Exercise details
The lines to be set down run from the line containing "Kindly provide a" through the final line of the data below; print them exactly and print nothing else.

Listed records
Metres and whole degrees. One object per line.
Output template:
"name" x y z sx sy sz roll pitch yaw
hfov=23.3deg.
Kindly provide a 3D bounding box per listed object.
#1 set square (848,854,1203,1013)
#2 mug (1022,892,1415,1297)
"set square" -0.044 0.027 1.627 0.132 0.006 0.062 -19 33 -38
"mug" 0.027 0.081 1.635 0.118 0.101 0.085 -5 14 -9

Finished exercise
Kindly provide a 3D bounding box per listed object.
#1 set square (848,854,1203,1013)
#2 mug (1022,892,1415,1297)
"set square" -0.044 0.027 1.627 0.132 0.006 0.062 -19 33 -38
"mug" 0.027 0.081 1.635 0.118 0.101 0.085 -5 14 -9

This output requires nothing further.